Disagreement between correlations of quantum mechanics and stochastic electrodynamics in the damped parametric oscillator

Intracavity and external third order correlations in the damped nondegenerate parametric oscillator are calculated for quantum mechanics and stochastic electrodynamics (SED), a semiclassical theory. The two theories yield greatly different results, with the correlations of quantum mechanics being cubic in the system's nonlinear coupling constant and those of SED being linear in the same constant. In particular, differences between the two theories are present in at least a mesoscopic regime. They also exist when realistic damping is included. Such differences illustrate distinctions between quantum mechanics and a hidden variable theory for continuous variables.

Sensitivity to measurement perturbation of single-atom dynamics in cavity QED

We consider continuous observation of the nonlinear dynamics of single atom trapped in an optical cavity by a standing wave with intensity modulation. The motion of the atom changes the phase of the field which is then monitored by homodyne detection of the output field. We show that the conditional Hilbert space dynamics of this system, subject to measurement-induced perturbations, depends strongly on whether the corresponding classical dynamics is regular or chaotic. If the classical dynamics is chaotic, the distribution of conditional Hilbert space vectors corresponding to different observation records tends to be orthogonal. This is a characteristic feature of hypersensitivity to perturbation for quantum chaotic systems.
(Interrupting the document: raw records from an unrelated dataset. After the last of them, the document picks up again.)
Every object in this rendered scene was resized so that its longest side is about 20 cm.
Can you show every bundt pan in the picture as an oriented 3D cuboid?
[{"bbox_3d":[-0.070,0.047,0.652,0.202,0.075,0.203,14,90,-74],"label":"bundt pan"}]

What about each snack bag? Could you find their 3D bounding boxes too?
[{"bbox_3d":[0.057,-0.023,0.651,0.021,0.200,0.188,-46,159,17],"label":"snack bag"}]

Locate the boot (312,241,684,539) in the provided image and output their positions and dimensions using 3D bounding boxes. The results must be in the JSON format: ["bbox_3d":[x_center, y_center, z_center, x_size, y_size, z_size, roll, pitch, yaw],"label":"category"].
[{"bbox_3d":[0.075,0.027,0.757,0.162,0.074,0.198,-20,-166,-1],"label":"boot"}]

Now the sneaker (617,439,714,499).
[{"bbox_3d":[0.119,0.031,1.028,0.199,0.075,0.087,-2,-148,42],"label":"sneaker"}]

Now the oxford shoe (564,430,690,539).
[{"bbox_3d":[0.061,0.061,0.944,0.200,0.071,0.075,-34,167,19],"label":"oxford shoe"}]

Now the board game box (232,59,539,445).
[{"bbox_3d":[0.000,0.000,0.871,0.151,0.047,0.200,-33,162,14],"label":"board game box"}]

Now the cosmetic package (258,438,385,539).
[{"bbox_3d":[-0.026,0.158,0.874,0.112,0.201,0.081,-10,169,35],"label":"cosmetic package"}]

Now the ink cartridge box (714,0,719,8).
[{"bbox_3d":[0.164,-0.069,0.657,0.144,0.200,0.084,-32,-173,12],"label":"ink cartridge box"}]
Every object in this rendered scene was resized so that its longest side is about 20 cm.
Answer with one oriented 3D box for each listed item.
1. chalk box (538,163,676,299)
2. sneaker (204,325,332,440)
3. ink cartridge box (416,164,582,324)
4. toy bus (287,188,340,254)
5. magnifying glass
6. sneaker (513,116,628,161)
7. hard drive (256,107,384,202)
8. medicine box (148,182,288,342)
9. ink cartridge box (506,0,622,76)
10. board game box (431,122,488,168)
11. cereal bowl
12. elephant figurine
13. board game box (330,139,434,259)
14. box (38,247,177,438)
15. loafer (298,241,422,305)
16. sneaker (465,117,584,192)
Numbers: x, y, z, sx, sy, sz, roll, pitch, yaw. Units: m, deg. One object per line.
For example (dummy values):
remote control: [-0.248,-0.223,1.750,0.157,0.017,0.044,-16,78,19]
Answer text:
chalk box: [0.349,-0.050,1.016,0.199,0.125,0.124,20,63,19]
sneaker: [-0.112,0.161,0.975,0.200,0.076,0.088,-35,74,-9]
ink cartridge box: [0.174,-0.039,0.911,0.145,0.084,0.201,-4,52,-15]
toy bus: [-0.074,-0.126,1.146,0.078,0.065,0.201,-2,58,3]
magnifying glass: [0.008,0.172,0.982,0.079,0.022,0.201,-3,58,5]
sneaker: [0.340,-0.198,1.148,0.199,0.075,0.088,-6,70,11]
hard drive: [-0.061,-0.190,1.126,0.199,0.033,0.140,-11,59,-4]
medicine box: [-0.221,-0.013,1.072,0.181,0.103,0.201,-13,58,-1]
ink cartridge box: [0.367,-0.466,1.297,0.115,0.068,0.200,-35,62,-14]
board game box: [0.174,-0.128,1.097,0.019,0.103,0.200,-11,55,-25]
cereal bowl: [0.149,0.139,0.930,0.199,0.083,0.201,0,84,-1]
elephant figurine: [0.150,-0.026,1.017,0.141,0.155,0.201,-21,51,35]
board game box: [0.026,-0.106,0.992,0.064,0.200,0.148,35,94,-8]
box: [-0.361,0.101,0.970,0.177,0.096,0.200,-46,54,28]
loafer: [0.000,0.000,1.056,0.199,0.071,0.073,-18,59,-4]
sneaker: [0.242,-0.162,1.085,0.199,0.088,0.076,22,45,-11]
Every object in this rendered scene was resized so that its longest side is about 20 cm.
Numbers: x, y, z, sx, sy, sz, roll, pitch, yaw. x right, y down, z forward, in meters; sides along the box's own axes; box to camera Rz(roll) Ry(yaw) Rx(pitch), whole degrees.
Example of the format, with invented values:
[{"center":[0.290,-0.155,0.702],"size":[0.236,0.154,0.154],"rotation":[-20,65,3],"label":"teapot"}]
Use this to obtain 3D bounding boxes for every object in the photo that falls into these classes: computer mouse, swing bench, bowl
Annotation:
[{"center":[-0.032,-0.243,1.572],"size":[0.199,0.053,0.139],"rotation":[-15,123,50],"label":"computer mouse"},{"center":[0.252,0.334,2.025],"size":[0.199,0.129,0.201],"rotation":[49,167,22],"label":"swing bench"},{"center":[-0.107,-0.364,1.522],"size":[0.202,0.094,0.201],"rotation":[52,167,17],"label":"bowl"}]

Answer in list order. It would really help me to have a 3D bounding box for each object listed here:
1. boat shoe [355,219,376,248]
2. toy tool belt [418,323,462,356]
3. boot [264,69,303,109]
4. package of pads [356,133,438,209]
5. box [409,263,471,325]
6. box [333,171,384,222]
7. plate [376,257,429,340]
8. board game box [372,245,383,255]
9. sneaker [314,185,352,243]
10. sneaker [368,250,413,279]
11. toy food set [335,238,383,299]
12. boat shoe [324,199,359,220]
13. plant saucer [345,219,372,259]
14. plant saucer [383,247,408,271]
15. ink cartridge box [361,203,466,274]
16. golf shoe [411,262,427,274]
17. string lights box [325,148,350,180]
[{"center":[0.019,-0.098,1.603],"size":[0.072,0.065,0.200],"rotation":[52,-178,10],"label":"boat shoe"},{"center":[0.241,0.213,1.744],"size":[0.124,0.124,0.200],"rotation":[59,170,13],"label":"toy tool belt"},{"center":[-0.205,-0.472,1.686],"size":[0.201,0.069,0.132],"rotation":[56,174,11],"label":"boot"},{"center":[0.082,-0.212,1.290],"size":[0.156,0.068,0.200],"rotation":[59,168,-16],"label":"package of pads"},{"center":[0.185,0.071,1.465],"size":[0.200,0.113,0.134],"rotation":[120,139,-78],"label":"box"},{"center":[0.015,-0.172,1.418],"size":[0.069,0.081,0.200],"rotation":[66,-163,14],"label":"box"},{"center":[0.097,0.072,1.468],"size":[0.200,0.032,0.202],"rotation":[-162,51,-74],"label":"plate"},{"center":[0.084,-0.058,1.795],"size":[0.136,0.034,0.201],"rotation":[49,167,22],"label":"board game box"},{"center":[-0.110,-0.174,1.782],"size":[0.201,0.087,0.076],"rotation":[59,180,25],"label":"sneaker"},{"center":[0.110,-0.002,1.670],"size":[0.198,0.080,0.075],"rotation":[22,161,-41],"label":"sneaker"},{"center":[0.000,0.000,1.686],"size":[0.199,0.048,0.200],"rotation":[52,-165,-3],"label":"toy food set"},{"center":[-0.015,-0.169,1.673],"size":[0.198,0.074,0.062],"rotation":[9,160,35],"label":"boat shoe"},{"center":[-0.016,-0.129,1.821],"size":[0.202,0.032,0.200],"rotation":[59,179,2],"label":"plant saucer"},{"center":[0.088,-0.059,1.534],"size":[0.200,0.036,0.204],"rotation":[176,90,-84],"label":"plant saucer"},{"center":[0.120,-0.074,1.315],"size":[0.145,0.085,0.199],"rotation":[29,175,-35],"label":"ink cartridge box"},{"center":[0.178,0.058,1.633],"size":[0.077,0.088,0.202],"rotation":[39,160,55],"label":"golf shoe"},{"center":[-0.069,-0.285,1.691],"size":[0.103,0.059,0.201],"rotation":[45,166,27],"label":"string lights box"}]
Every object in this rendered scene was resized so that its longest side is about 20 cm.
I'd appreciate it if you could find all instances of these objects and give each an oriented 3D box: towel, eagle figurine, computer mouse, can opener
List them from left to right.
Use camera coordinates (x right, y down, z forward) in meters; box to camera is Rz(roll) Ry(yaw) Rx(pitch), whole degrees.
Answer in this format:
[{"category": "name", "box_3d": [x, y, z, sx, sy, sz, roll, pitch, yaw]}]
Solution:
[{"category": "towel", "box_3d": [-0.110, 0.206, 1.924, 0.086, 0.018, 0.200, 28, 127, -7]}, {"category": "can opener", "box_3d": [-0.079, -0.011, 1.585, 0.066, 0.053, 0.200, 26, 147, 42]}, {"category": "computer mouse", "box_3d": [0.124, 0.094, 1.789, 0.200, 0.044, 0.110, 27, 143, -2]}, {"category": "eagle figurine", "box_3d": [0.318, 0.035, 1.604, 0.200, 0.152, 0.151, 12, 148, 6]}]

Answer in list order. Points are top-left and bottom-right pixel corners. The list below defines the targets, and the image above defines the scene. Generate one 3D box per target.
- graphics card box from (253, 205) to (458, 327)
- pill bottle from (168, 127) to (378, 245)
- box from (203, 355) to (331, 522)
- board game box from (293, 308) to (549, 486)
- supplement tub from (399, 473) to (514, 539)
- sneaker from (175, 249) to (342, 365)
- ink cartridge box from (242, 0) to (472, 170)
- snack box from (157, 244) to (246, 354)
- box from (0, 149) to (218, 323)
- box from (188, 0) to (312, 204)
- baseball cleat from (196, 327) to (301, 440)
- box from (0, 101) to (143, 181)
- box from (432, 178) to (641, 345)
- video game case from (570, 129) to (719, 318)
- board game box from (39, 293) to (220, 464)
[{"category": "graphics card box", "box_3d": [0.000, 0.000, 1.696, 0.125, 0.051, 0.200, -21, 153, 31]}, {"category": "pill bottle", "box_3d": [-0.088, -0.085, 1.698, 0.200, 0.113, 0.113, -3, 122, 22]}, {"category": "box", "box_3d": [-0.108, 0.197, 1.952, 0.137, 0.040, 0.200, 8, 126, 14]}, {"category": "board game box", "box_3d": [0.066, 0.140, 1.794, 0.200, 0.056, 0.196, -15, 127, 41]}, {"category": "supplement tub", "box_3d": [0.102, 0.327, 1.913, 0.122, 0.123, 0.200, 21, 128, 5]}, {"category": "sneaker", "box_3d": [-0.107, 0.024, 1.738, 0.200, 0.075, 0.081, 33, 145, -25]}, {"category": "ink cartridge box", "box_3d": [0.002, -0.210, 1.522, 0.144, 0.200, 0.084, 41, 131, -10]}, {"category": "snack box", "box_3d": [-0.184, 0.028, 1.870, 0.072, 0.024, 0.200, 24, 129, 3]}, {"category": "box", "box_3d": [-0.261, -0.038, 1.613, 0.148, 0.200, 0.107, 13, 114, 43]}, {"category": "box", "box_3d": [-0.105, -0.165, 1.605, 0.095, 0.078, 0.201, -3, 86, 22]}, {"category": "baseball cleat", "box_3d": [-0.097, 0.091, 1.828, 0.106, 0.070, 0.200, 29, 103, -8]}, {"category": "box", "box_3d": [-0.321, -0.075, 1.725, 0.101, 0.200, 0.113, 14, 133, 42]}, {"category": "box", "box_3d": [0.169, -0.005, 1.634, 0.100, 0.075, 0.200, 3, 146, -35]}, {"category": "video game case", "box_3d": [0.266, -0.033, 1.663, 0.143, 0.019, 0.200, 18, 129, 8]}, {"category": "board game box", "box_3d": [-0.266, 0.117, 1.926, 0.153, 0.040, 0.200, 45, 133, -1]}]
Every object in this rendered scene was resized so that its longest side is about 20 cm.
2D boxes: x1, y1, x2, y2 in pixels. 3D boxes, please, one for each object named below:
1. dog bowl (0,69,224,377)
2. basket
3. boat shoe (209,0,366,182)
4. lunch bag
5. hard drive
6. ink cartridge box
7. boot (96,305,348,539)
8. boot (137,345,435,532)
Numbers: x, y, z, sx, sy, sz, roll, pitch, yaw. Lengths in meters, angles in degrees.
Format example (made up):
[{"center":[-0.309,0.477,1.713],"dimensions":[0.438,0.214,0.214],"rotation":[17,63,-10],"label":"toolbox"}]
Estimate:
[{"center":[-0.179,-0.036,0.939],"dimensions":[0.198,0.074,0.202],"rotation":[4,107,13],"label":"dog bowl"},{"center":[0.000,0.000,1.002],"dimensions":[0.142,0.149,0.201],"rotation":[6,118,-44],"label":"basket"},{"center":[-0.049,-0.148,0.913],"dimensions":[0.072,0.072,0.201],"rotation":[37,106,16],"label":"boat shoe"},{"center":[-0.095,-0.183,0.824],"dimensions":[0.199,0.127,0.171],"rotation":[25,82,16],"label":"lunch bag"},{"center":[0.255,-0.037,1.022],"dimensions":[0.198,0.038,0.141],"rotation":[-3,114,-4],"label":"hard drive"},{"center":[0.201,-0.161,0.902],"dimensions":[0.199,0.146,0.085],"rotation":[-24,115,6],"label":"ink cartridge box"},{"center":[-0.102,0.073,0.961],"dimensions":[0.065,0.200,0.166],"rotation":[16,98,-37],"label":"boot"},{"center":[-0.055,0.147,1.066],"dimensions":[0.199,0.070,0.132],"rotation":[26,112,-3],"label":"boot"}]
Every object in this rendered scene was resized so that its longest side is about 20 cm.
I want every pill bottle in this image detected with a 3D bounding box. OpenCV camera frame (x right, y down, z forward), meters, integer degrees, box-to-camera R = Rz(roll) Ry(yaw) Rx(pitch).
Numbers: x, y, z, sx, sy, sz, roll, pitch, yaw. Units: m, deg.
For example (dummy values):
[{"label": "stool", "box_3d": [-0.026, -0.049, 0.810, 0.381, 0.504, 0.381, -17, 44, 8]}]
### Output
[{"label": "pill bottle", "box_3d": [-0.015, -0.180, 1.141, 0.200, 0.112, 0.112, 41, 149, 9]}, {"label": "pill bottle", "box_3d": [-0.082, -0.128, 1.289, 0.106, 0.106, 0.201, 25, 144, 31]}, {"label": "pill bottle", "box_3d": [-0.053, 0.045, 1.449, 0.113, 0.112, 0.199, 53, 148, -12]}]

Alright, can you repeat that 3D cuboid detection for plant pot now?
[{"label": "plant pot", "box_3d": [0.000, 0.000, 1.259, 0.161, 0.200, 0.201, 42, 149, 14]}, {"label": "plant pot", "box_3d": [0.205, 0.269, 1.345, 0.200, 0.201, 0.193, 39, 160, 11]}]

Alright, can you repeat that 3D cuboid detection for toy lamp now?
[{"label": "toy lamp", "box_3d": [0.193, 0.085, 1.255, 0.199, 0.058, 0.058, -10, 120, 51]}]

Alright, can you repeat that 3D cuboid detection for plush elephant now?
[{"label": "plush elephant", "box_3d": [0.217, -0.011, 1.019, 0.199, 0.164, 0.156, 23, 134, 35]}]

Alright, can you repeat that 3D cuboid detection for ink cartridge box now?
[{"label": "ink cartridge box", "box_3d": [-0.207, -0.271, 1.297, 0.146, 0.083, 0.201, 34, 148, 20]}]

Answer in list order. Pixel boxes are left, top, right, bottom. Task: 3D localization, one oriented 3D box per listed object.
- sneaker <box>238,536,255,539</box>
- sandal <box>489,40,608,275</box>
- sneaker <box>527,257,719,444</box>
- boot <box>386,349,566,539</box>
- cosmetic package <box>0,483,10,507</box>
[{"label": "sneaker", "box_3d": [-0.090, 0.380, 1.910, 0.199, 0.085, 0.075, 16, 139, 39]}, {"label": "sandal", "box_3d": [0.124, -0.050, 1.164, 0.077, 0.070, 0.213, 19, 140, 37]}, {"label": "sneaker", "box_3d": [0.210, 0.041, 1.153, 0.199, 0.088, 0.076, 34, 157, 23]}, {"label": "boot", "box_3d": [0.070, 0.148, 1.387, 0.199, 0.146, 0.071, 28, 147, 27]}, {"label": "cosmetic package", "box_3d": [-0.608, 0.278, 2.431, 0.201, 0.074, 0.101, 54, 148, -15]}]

Quantum chaos in atom optics

I shall discuss the quantum and classical dynamics of a class of nonlinear Hamiltonian systems. The discussion will be restricted to systems with one degree of freedom. Such systems cannot exhibit chaos, unless the Hamiltonians are time dependent. Thus we shall consider systems with a potential function that has a higher than quadratic dependence on the position and, furthermore, we shall allow the potential function to be a periodic function of time. This is the simplest class of Hamiltonian system that can exhibit chaotic dynamics. I shall show how such systems can be realized in atom optics, where very cord atoms interact with optical dipole potentials of a far-off resonance laser. Such systems are ideal for quantum chaos studies as (i) the energy of the atom is small and action scales are of the order of Planck's constant, (ii) the systems are almost perfectly isolated from the decohering effects of the environment and (iii) optical methods enable exquisite time dependent control of the mechanical potentials seen by the atoms.

Absorptive quantum measurements via coherently coupled quantum dots

We propose an absorptive measurement scheme via coupled quantum dots based on studies of the quantum dynamics of coherently coupled dots. The system is described through a Markov master equation that is related to a measurable quantity, the current. We analyse the measurement configuration and calculate the correlations and noise spectra beyond the adiabatic approximation.

Quantum measurement and stochastic processes in mesoscopic conductors

In quantum measurement theory it is necessary to show how a, quantum source conditions a classical stochastic record of measured results. We discuss mesoscopic conductance using quantum stochastic calculus to elucidate the quantum nature of the measurement taking place in these systems. To illustrate the method we derive the current fluctuations in a two terminal mesoscopic circuit with two tunnel barriers containing a single quasi bound state on the well. The method enables us to focus on either the incoming/ outgoing Fermi fields in the leads, or on the irreversible dynamics of the well state itself. We show an equivalence between the approach of Buttiker and the Fermi quantum stochastic calculus for mesoscopic systems.